§ Instructions to follow: Below is a block of entries; repeat all of it exactly but omit the pictures.

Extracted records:
##########

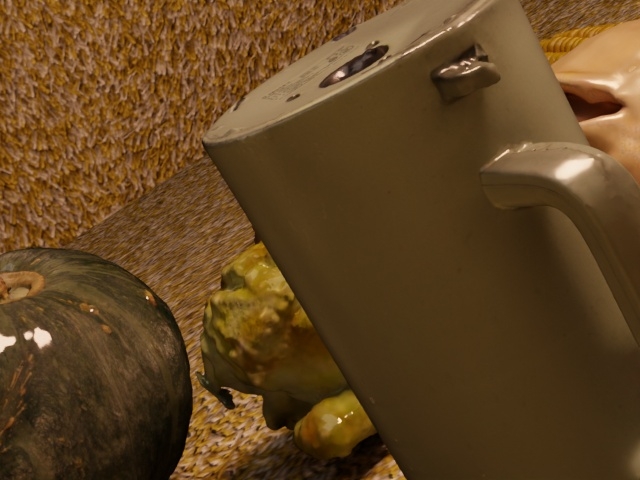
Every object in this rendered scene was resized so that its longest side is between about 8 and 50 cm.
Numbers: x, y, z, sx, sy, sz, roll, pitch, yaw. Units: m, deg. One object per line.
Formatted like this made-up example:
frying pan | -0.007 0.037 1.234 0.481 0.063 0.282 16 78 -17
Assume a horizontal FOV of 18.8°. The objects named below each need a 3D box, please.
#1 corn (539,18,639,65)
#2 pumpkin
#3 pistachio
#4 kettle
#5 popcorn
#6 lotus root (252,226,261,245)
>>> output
corn | 0.303 -0.144 1.835 0.144 0.144 0.387 -34 11 -22
pumpkin | -0.266 0.157 1.601 0.291 0.257 0.327 -1 21 42
pistachio | 0.257 -0.076 1.574 0.318 0.214 0.193 161 124 -69
kettle | 0.113 0.015 1.149 0.265 0.318 0.205 -20 14 33
popcorn | -0.002 0.088 1.510 0.198 0.212 0.198 -12 -31 -7
lotus root | 0.000 0.000 1.904 0.074 0.170 0.260 -28 6 -14

##########

§ Solution to this exercise:
Every object in this rendered scene was resized so that its longest side is between about 8 and 50 cm.
Numbers: x, y, z, sx, sy, sz, roll, pitch, yaw. Units: m, deg. One object per line.
Formatted like this made-up example:
frying pan | -0.007 0.037 1.234 0.481 0.063 0.282 16 78 -17
Assume a horizontal FOV of 18.8°. The objects named below each need a 3D box, please.
#1 corn (539,18,639,65)
#2 pumpkin
#3 pistachio
#4 kettle
#5 popcorn
#6 lotus root (252,226,261,245)
>>> output
corn | 0.303 -0.144 1.835 0.144 0.144 0.387 -34 11 -22
pumpkin | -0.266 0.157 1.601 0.291 0.257 0.327 -1 21 42
pistachio | 0.257 -0.076 1.574 0.318 0.214 0.193 161 124 -69
kettle | 0.113 0.015 1.149 0.265 0.318 0.205 -20 14 33
popcorn | -0.002 0.088 1.510 0.198 0.212 0.198 -12 -31 -7
lotus root | 0.000 0.000 1.904 0.074 0.170 0.260 -28 6 -14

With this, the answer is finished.